Таким же способом и примерно в тех же местах езжали Пушкин, и Лермонтов, и Лев Толстой. Езжал и мой дедушка.
«Меня собрали и, уложив в мою повозку, отправили при первой оказии. При мне был денщик Иван, который ухаживал за мной, как нянька».
«Спасибо ему! Никогда не забуду!»
«Во время езды мне было легче, но при остановках ужасно нехорошо. Ночевали возле укрепления станицы Каменный Мост. Ночь прошла слава богу. Повезли далее. Все дурно, все хуже и хуже. Аппетита никакого. Тошнота. К вечеру приехали на Кубань в станицу Баталпашинскую».
«Мне все хуже и хуже. Почти уже ничего не соображаю, живу как в тягостном тумане».
«После Баталпашинской езда уже одиночная, без конвоя. Оказия кончилась. Не страшно: река разлилась широко, горцы не нападут. Выехав из упомянутой станицы, я впал в бесчувствие. Мой бедный Иван вез меня далее, останавливаясь на ночлег в попутных станицах. Не помню, на какой день достигли мы Ставрополя. Не помню даже, как приняли меня в госпиталь. Смутно помню лишь, как на другой день Иван отправился обратно в отряд, а меня осмотрел дежурный врач, сказав, что нет мне спасения и нужно к вечеру выписать меня в покойницкую, ибо к вечеру я непременно умру».
«Так бы со мной и поступили, если бы не случившийся тут мой товарищ юнкер Русанов, который буквально вымолил у доктора оставить меня в палате до завтра — может быть, я очнусь. Доктор после долгих пререканий согласился. Я остался в палате. В полночь пришел в себя, простонал, но ничего не мог выговорить: от сильного жара потрескался язык и я был не в состоянии произнести ни одного слова. Подошел фельдшер. Я показал ему на свой язык. Мои открытые глаза, движение руки показали фельдшеру, что кризис миновал и теперь нужно только поддержать организм, который сильно ослаб».
«Помазав мне язык кисточкой с разведенным медом, фельдшер стал ободрять, успокаивать меня.
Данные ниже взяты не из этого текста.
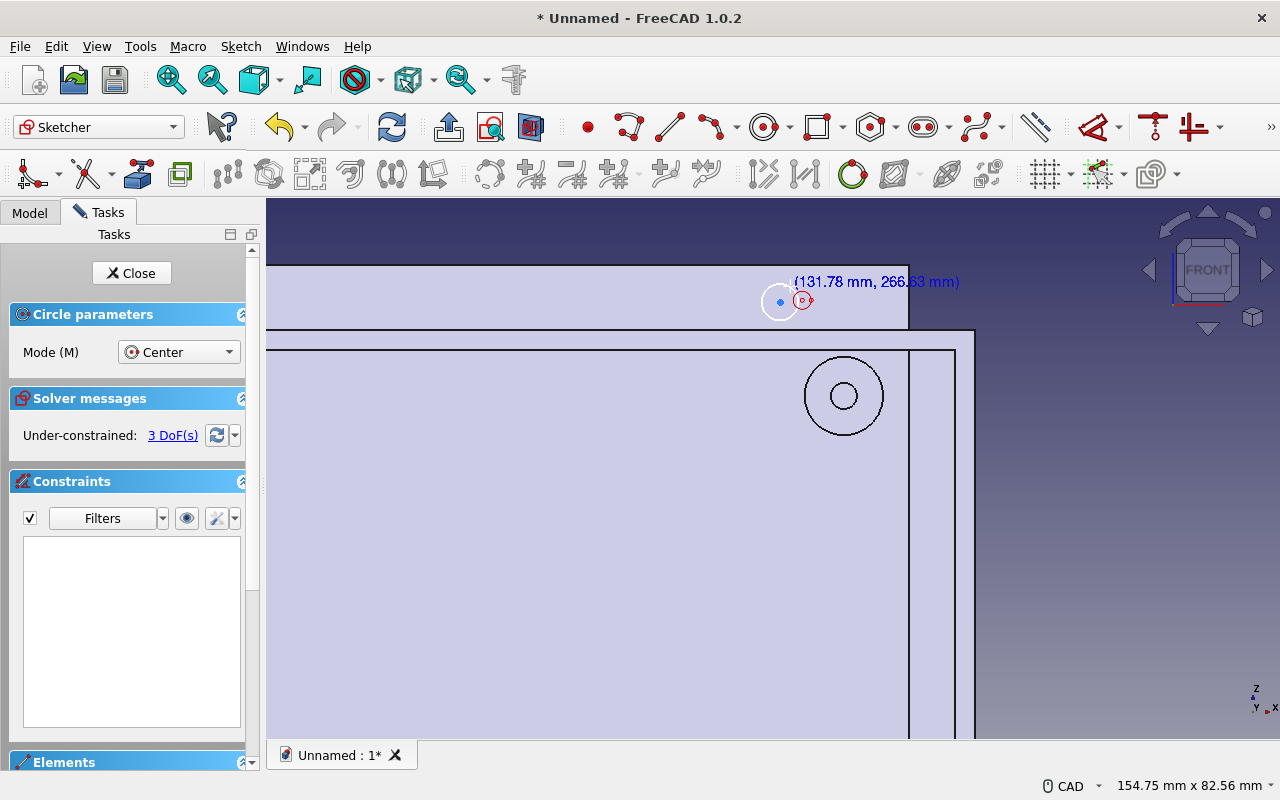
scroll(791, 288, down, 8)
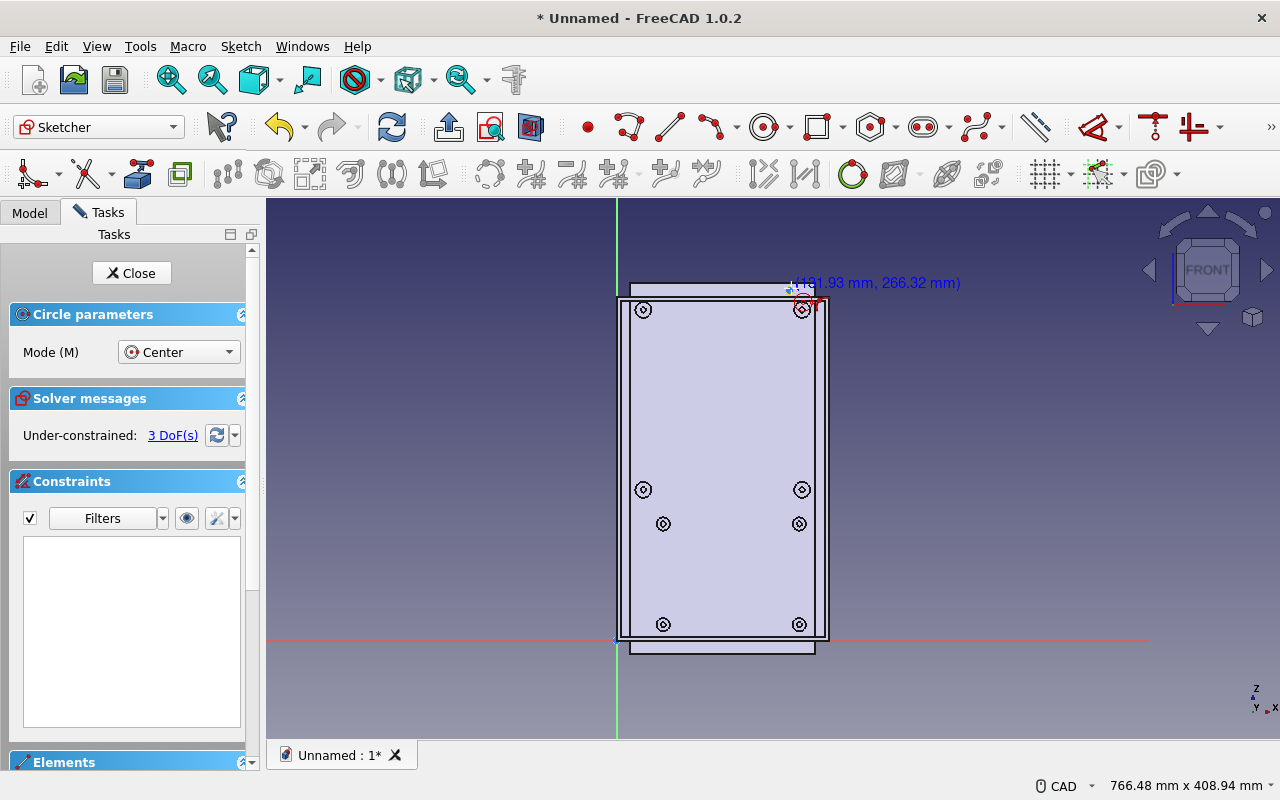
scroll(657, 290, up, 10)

В 10 часов утра пришел доктор и очень удивился, что я жив. Прописавши мне какую-то микстуру, он ушел, причем у меня создалось такое впечатление, что он не совсем доволен тем, что я как бы не подтвердил своей смертью его предсказания».
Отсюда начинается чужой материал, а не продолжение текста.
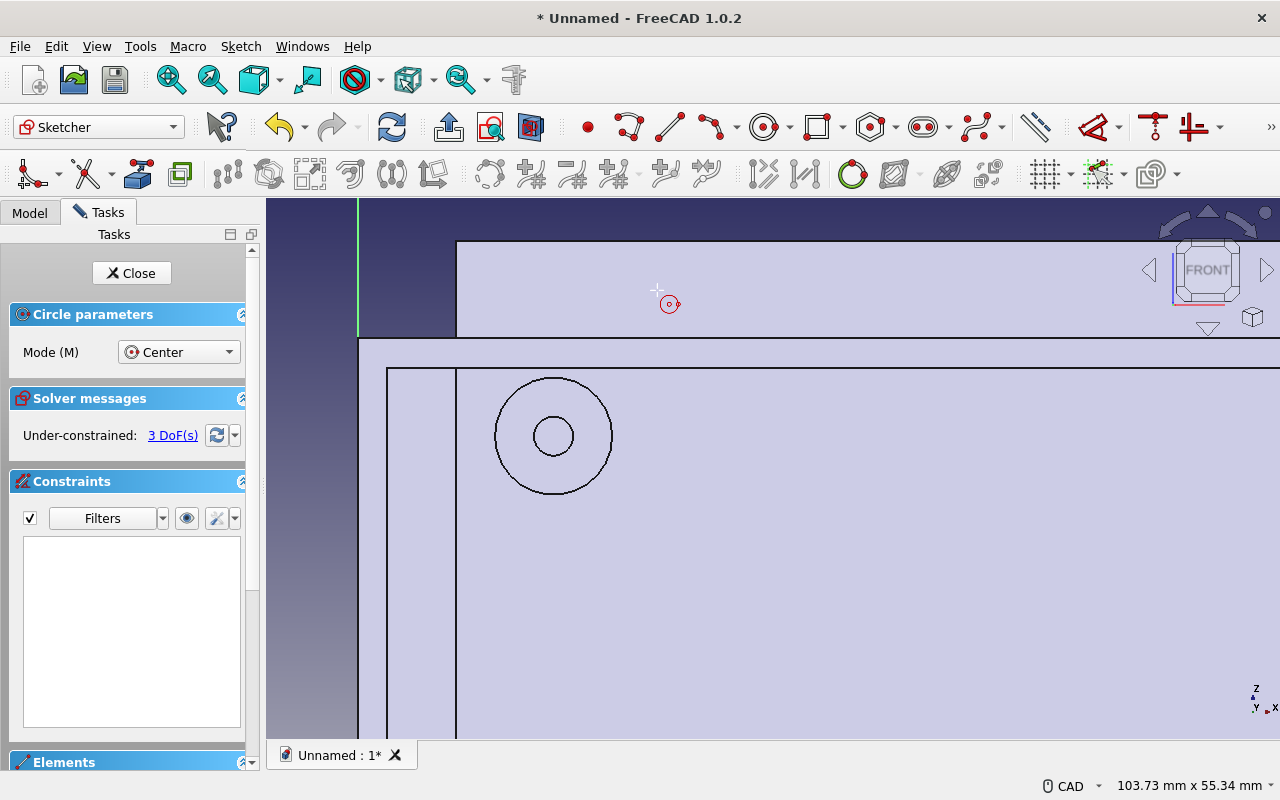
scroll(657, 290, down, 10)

…так сказать, подорвал его авторитет в глазах низшего больничного персонала…
«К моей койке стали подходить разные юнкера, бывшие в палате; подошел фельдшер; начались расспросы, разговоры, но я только пожимал плечами, будучи не в состоянии пошевелить распухшим, потрескавшимся языком».
«Через неделю мне стало лучше. Я уже мог произнести несколько невнятных слов».
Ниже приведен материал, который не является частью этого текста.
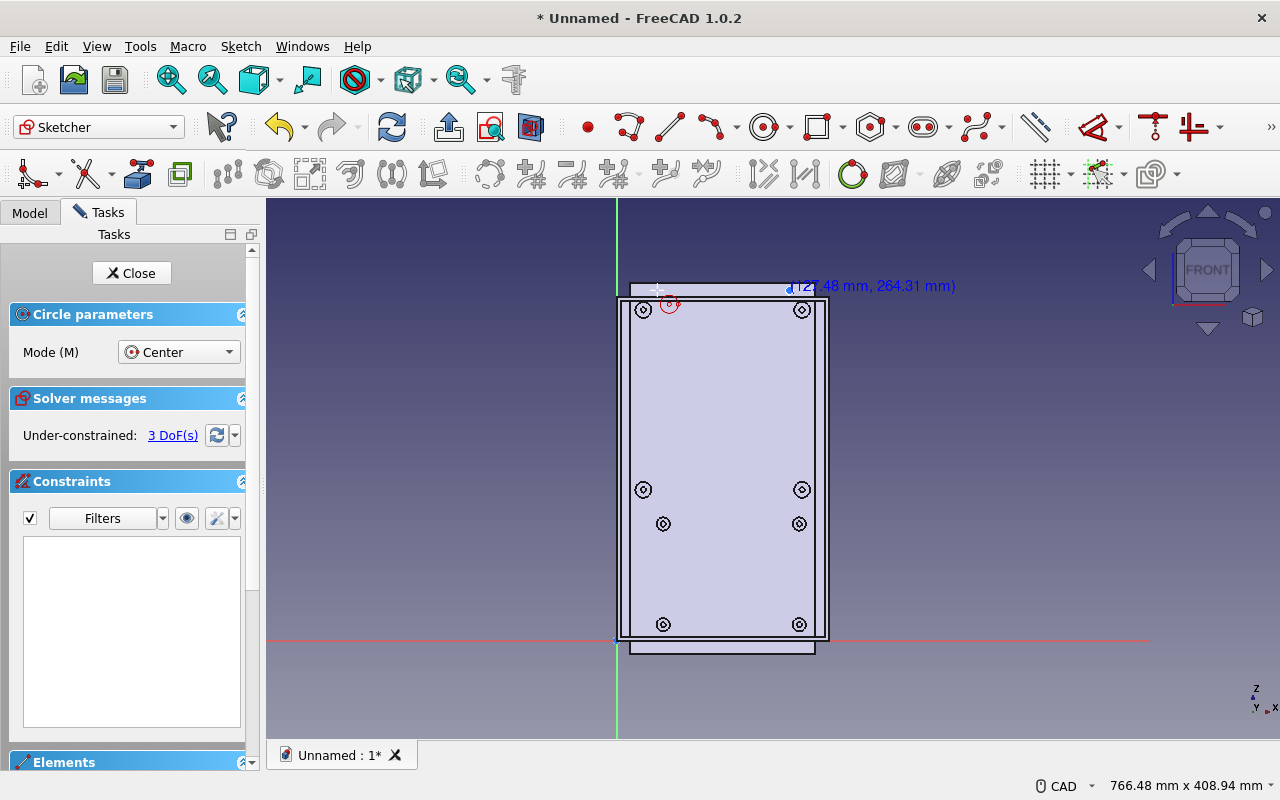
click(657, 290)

Тут дедушка прибавляет свою любимую фразу:
«Так тянулось время…»
«Через месяц появился аппетит и вполне здоровый сон. Я быстро поправлялся».
На этот раз неосознанная попытка дедушки хоть на несколько дней укрыться от тягот походной жизни, от неприятностей, связанных с подписью акта насчет убитых лошадей, подкинутого ему жуликоватым интендантом, желание освободить свою пленную мысль от принудительных представлений, оказались чуть ли не роковыми: с кавказской лихорадкой — малярией — не шутят. Дедушка чуть не угодил в мертвецкую, откуда вряд ли бы уже выбрался живым. Он чудом вернулся к жизни. И, находясь между жизнью и смертью, в том ужасном и вместе с тем блаженном состоянии как бы душевной невесомости, он в своем погасающем воображении заново переживал кровавые события, о которых, уже на старости лет, он так безыскусно и так правдиво поведал в своих записках, нацарапанных плохо разбираемым почерком. Ничтожная песчинка среди великих и малых исторических событий XIX века, он жил общей армейской, ничем не замечательной — временами кровавой, временами безумно скучной — жизнью, которая, как всякая человеческая жизнь, всегда достойна художественного изображения хотя бы единственно для того, чтобы потомки имели достоверные свидетельства о жизни своих отцов, дедов и прадедов.